URL scraping from a devonthink note (html file) into Tinderbox?

I have a Devonthink html file with several hyperlinks embbeded. See my sample file that I included here that I drag and dropped into a Tinderbox. Simple

CreateNewNoteWithURL.tbx (158.1 KB)

What I want to do:

  1. Create a new note with each title of the hyperlink as the $Name
  2. Save the URL hyperlink to $URL

Any thoughts on how to get started.
I think this is very practical use case to parse and scrape urls from a Devonthink note into a Tinderbox note… at least for me.

Thanks
tom

A quick sketch of one approach:

  1. eachLink(x){...} iterates through each link of the note, binding in turn information about each link to the dictionary x.
  2. The link anchor of each link is x[anchor].
  3. The destination url of each link is x[url]
  4. You can then create the note using create(..), and set the url of the new note.

Hmm links in in the $Text are note actually linked. I’m not sure this would work. I tried:

$Text.eachLink(x){

create(x);

};

It did not work.
The first step is to pull the URLs form the text into a list and then iterate against them. I’ve got Applescript somewhere to do this, or maybe we could use a stream operator. I don’t have time to work on this right now

x is a dictionary, such as {source: /path/to/a; anchor: “fruity goodness”; …}

In tested the following:

$Text.eachLink(x){
   var:string dname=x["anchor"];
   var:string c="/Data/testing/";
   var:string path=create(c,dname);
   $URL(path)=x["url"];

};

Using the file above, I created a stamp with the function Mark provided.

It did not work for me either. Here is the file I am using.

CreateNewNoteWithURL.tbx (178.0 KB)

Tom

You had a few syntax errors. The function body is enclosed in braces:

function ParseDevonLinks() {
$Text.eachLink(x){
   var:string dname=x["anchor"];
   var:string c="/Data/test";
   var:string path=create(c,dname);
   $URL(path)=x["url"];
   }
}

The stamp definition needs to actually invoke this function:

ParseDevonLinks();

Tested using a recent backstage build, b614.

CreateNewNoteWithURL-2.tbx (256.5 KB)

1 Like

Works perfectly now. Thanks MarkB. Headliner: that is awesome…

Rookie coding mistakes… :frowning: and frustrating.

Tom

One question:

“var:string c=”/Data/test";"

How would I change this to designate the $Path under the note being stamped?

Would it be:

"var:string c=$Path(child)

Thanks
Tom

If you want to use this note as the container, just pass a single argument to create(), the name of the note you want to create.

1 Like

OMG!!! This is so very cool. :slight_smile:

In this case, the note is $ReadOnly (as part of the DEVONthink watch folder process), but a couple of side notes for the later reader wanting to use this which other notes.

eachLink(), lists all links so potentially, there may be 3 outbound link types (basic, text, web) and 2 inbound link types (basic, text). How then to tell these apart?

In vs Out. Outbound links will have that same $ID as the note whose links are being read (i.e. this unless using the optional scope argument to read from a different note).

Basic. Has no anchor text.

Text. Has anchor text but no URL.

Web link. Has URL (and anchor text—but the URL is the signifier.
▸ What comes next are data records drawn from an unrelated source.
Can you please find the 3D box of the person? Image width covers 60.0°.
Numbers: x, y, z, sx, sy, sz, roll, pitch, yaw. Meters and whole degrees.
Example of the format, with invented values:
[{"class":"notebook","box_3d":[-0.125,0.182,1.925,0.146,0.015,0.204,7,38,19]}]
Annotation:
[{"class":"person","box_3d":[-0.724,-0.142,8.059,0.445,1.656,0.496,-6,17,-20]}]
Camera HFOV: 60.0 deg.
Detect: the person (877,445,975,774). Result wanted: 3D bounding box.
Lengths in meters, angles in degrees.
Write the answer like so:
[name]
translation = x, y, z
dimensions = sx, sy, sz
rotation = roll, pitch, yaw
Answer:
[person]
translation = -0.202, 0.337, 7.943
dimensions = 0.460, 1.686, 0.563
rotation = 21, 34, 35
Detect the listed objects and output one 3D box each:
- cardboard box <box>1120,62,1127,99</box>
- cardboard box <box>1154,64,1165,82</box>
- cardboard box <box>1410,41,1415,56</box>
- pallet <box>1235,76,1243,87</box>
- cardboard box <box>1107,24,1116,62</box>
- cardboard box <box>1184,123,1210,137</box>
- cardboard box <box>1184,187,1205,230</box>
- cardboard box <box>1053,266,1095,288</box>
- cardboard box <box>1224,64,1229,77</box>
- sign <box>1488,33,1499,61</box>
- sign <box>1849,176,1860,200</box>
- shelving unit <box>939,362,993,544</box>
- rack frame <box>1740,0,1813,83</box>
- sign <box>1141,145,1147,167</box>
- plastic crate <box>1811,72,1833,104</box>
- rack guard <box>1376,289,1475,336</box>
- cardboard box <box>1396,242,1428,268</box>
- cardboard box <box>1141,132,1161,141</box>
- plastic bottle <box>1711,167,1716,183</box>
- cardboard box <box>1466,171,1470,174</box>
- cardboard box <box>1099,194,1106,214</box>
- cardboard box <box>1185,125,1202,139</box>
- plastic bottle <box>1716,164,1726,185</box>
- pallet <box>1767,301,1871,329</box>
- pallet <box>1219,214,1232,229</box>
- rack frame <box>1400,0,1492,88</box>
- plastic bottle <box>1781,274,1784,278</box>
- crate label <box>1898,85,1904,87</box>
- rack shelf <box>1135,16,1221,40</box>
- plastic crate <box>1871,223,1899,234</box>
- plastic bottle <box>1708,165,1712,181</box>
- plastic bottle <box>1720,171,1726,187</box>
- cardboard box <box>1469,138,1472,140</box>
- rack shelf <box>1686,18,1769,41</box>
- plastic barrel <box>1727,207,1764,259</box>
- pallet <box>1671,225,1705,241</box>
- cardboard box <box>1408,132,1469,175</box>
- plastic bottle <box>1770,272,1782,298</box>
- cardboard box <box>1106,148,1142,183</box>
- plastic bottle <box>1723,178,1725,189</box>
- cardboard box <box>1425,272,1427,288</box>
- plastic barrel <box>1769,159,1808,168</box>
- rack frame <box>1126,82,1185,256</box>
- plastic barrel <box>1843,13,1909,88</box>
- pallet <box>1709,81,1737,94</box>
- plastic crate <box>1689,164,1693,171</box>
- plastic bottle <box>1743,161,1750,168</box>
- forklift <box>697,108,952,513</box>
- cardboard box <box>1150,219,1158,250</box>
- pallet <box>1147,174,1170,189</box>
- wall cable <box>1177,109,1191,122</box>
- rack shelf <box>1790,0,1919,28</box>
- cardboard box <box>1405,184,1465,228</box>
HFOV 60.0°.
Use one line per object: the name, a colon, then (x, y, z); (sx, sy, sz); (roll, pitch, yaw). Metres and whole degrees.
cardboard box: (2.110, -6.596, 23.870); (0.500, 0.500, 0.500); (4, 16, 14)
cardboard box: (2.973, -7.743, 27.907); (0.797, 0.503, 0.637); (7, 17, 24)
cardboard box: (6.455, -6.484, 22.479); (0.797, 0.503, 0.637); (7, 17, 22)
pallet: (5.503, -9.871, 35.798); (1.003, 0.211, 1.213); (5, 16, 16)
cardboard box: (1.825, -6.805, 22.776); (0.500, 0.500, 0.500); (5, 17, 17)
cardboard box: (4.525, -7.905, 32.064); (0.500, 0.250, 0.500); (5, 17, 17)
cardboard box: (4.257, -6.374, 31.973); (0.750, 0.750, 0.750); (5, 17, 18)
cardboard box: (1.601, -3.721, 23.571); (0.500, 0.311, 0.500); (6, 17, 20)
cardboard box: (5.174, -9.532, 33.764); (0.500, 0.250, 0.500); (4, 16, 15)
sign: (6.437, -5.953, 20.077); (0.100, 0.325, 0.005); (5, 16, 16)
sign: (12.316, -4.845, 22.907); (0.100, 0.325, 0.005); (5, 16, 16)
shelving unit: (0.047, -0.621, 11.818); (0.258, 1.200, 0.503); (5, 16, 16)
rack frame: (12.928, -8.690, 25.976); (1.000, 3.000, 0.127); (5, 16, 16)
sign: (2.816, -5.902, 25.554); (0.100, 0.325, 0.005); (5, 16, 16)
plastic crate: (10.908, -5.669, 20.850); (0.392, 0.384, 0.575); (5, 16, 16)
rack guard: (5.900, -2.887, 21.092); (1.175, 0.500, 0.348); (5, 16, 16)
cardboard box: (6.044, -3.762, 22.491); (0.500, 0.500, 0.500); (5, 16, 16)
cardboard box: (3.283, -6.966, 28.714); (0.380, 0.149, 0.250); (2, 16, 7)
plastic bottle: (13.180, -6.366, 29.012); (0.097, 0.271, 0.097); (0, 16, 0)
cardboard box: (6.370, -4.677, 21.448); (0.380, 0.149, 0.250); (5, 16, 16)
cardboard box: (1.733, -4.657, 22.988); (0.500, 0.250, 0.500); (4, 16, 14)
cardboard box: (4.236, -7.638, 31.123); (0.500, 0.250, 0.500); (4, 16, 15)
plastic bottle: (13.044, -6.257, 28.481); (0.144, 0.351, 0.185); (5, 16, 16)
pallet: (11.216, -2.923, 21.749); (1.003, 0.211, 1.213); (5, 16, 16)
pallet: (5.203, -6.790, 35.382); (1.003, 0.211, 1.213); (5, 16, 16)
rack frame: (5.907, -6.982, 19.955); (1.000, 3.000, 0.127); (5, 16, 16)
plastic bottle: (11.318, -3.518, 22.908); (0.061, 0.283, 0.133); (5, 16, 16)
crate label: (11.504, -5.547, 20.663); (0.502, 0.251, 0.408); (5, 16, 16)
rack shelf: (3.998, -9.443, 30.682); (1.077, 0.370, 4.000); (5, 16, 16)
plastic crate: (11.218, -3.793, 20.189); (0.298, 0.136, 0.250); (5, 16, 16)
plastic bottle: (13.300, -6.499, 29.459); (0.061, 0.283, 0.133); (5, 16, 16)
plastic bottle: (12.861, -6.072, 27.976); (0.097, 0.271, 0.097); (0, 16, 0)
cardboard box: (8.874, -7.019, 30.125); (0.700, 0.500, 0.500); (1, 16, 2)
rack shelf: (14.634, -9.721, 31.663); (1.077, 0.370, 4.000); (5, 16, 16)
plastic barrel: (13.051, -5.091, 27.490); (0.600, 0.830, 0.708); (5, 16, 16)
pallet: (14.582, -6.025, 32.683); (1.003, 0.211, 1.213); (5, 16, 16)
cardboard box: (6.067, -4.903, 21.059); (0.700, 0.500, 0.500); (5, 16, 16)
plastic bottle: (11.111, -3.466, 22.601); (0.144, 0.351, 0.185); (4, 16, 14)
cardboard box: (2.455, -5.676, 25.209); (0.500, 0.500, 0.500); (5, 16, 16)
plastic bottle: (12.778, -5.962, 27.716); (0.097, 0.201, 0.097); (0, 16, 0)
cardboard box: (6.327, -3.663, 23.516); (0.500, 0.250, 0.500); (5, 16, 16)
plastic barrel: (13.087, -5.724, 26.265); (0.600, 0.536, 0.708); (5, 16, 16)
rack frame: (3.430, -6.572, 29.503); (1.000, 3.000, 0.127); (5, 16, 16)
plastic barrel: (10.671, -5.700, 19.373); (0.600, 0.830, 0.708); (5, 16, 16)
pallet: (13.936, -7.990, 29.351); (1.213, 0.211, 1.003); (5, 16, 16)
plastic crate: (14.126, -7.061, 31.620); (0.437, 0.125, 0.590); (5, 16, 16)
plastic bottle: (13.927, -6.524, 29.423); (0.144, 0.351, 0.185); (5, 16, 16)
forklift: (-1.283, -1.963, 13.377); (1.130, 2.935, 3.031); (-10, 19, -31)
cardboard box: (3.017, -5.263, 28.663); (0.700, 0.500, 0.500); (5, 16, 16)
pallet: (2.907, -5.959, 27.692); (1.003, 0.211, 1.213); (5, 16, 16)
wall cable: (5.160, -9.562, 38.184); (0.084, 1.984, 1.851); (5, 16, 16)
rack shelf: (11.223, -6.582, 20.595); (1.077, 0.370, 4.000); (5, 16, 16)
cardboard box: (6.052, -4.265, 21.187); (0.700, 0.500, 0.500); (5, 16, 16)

In reverse, checking a single link in the list iterated by eachLink() and you need to tell all 3 apart:

eachLink(aLink){
   if(aLink["url"]!=""){
      // this is a web link
   }else{
      if(aLink["anchor "]!=""){
         // this is a text link (has anchor but no url)
      }else{
      // this is basic link (has neither anchor nor url)
      }
   }
};

Side note (as discovered testing links today for a separate issue): eachLink() is currently (v9.5.2) unable to report if a basic or text link has target anchor text (the anchor value applies to the anchor text at source). This data is also omitted from the Browse Links dialog. Indeed, at present you need to look at the doc’s XML to find which links have target text anchors. There’s no fault here but a slight chick-and-egg problem: to-text links are allowed but not seen much as they are hard to make/check, so this may be a reason they are not much used.

†. This got harder in the v6+ UI. To make a link to a text selection in the target note, drag a link (basic or text) to the link well on the tab bar. Now select the target note, and then select the desired text within $Text. Leaving the selection in place , drag from the link well onto the selection and release and set the rest of the link settings as normal. You now have a link that points to a target $Text. When the link is followed, Tinderbox will ensure the target text anchor is scrolled into view. So, this might be useful if linking into notes with much $Text, albeit noting that such links are difficult to review (as least in terms of the target anchor text string).

1 Like

See: missing-link-info.tbx (198.8 KB)

Select note ‘aa’ and then run either of the stamps and see the results in note ‘log’. for each of the stamped notes links stamp sort of link returns one of web/text/basic and stamp direction of link returns either outbound or inbound.

I’ve also updated eachLink(loopVar[,scope]){actions}.